07 Question de Mme Rita De Bont à la vice-première ministre et ministre des Affaires sociales et de la Santé publique, chargée de l'Intégration sociale, sur "le contrôle de l'interdiction générale de fumer" (n° 5547)
07.01 Rita De Bont (VB): Mijnheer de voorzitter, mevrouw de minister, inmiddels is 1 juli, de dag waarop het algemeen rookverbod is ingesteld, achter de rug. Wij hebben nog niet de mogelijkheid gehad om de nieuwe wetsvoorstellen te bespreken waarin de kleine rookcafés, die niet de mogelijkheid hebben om een rookkamer te installeren, als uitzondering in aanmerking zouden kunnen komen.
Ook voor de rookcafés die zich in orde willen stellen, was de periode om een en ander praktisch te realiseren, heel kort.
Daarom heb ik de volgende vragen, mevrouw de minister.
Ten eerste, kunt u begrip opbrengen voor voornoemde zaken?

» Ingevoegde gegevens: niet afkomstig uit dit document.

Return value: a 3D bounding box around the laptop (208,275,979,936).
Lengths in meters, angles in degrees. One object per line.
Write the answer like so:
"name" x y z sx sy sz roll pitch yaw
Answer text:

Ten tweede, bestaat alsnog de mogelijkheid, naar Nederlands model en naar het model van sommige Duitse Länder, om een uitzondering te maken voor de kleine rookcafés die niet de mogelijkheid hebben om een rookkamer te installeren?
Ten derde, kunnen de cafés die zich momenteel in orde aan het stellen zijn, maar die nog geen rookkamer hebben, niet de mogelijkheid krijgen om in afwachting van de afwerking van hun rookkamer, het roken in hun zaak nog toe te laten? De voorwaarde is natuurlijk dat zij kunnen bewijzen dat zij met de installatie van een rookkamer bezig zijn. In het andere geval zouden zij immers mogelijkerwijs een deel van hun cliënteel dat zij later in hun rookkamer zouden kunnen opvangen, kunnen verliezen.

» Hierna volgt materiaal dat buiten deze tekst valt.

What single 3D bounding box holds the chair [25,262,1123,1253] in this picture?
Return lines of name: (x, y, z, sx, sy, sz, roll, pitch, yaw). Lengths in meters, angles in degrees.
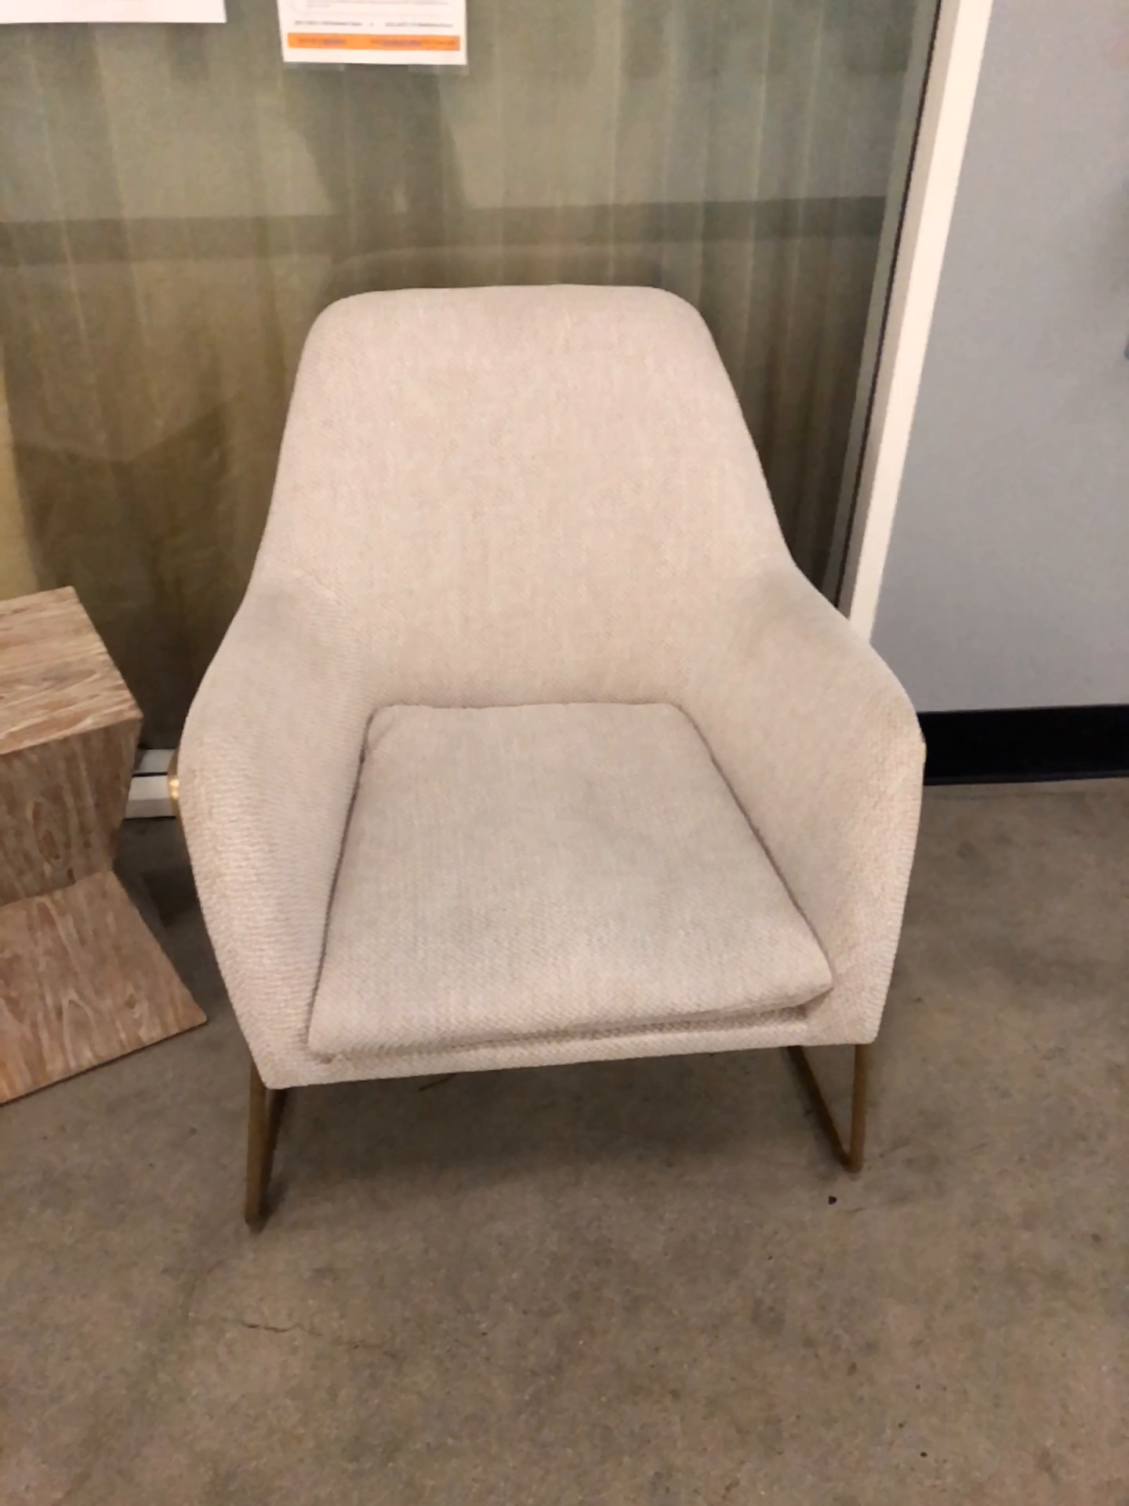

Bovendien zijn er nog helemaal geen maatregelen getroffen om aan de sector tegemoet te komen.
Mevrouw de minister, hebt u nog contact met uw collega’s van middenstand en Financiën gehad, om te bekijken of er compenserende maatregelen zouden kunnen worden getroffen voor de rookcafés, die het in de huidige overgangsperiode – ik neem immers aan dat het over een overgangsperiode gaat – vrij moeilijk zullen krijgen?
07.02 Minister Laurette Onkelinx: Mijnheer de voorzitter, in mijn hoedanigheid van minister van Volksgezondheid zal ik geen enkel initiatief nemen om de toepassing van het totale rookverbod terug te schroeven of te wijzigen.

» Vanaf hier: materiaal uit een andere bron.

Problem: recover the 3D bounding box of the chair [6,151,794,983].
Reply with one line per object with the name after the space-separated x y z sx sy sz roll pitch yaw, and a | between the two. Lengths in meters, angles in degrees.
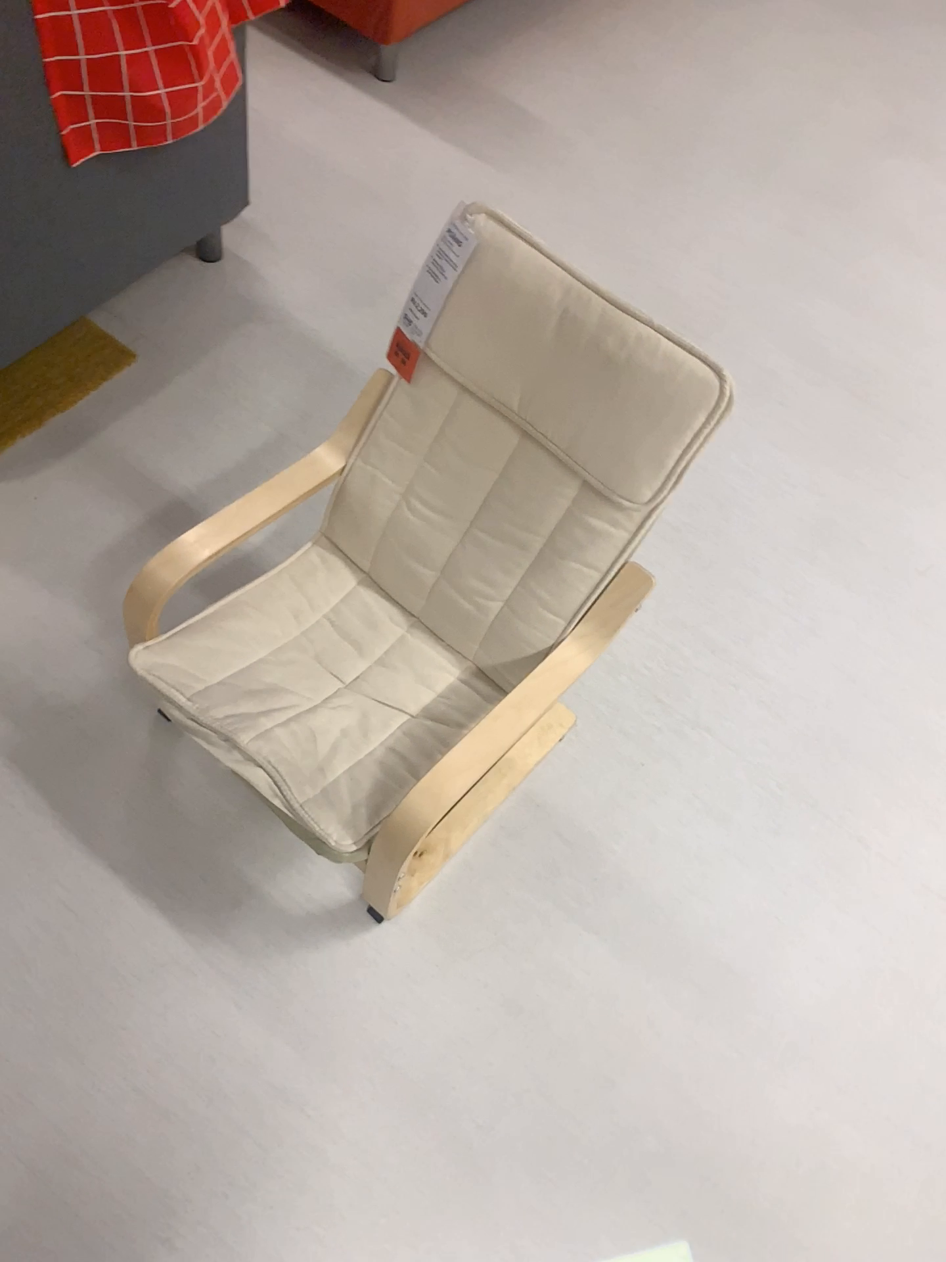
-0.102 -0.017 1.223 0.490 0.798 0.541 39 60 13 | chair
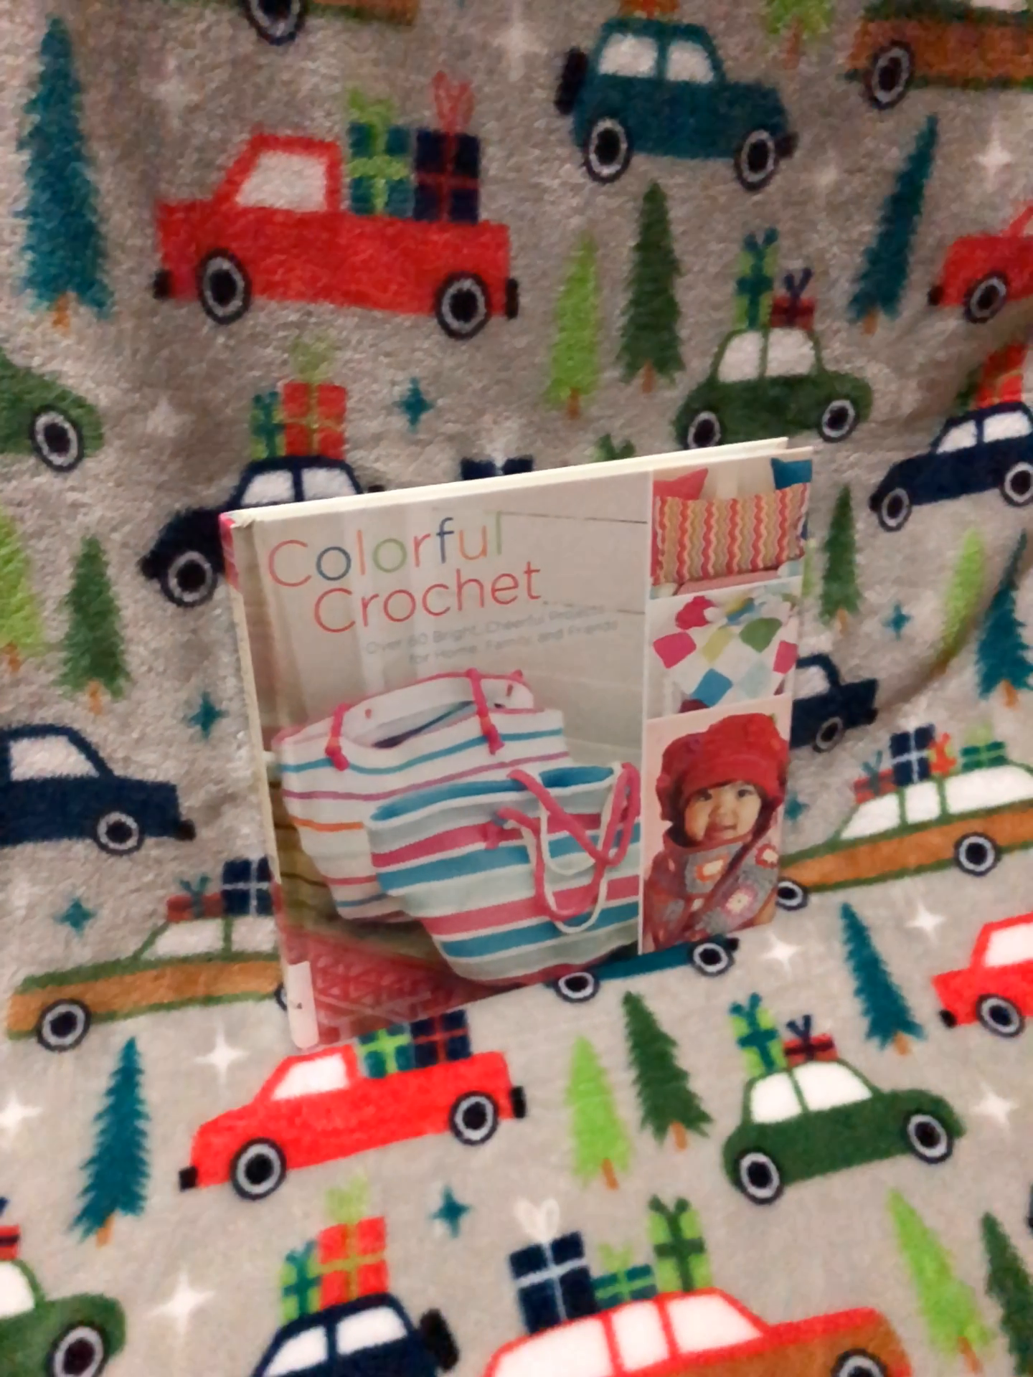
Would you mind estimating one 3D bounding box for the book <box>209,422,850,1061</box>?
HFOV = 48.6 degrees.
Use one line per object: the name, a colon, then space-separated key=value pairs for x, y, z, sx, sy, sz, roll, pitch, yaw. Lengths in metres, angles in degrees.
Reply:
book: x=0.008 y=0.023 z=0.403 sx=0.202 sy=0.214 sz=0.020 roll=-11 pitch=35 yaw=-20

Que puis-je dire d'autre? La question m'est posée chaque semaine!
Pour ce qui concerne le groupe de travail sur les compensations éventuelles, la question doit être posée à mon collègue des Finances.
07.03 Rita De Bont (VB): Mevrouw de minister, ik vroeg of het mogelijk was om die zaken niet onmiddellijk te beboeten na de verwittiging. Betrokkenen hebben immers nog niet de kans gekregen om zich helemaal in orde te stellen. Zij dreigen ermee om er een gerechtelijk geschil van te maken.
07.04 Laurette Onkelinx, ministre: Excusez-moi, mais on en a parlé ici! J'en ai encore parlé en séance plénière récemment. Il faut écouter ce que je dis! Les personnes de l'administration sont venues vous expliquer la campagne d'information et pendant les deux mois, les premiers contrôles se solderont par un procès-verbal d'avertissement et non de sanction immédiate. Je l'ai répété vingt fois, je ne sais plus comment faire!
De voorzitter: Een Parlementslid kan ook twintig keer hetzelfde vragen.
07.05 Rita De Bont (VB): Oké, u houdt uw waarschuwing dus als stok achter de deur om hen zo snel mogelijk allemaal in orde te brengen.
L'incident est clos.
08 Vraag van mevrouw Rita De Bont aan de vice-eersteminister en minister van Sociale Zaken en Volksgezondheid, belast met Maatschappelijke Integratie, over "de designerdrugs" (nr. 5548)
08 Question de Mme Rita De Bont à la vice-première ministre et ministre des Affaires sociales et de la Santé publique, chargée de l'Intégration sociale, sur "les 'designer drugs'" (n° 5548)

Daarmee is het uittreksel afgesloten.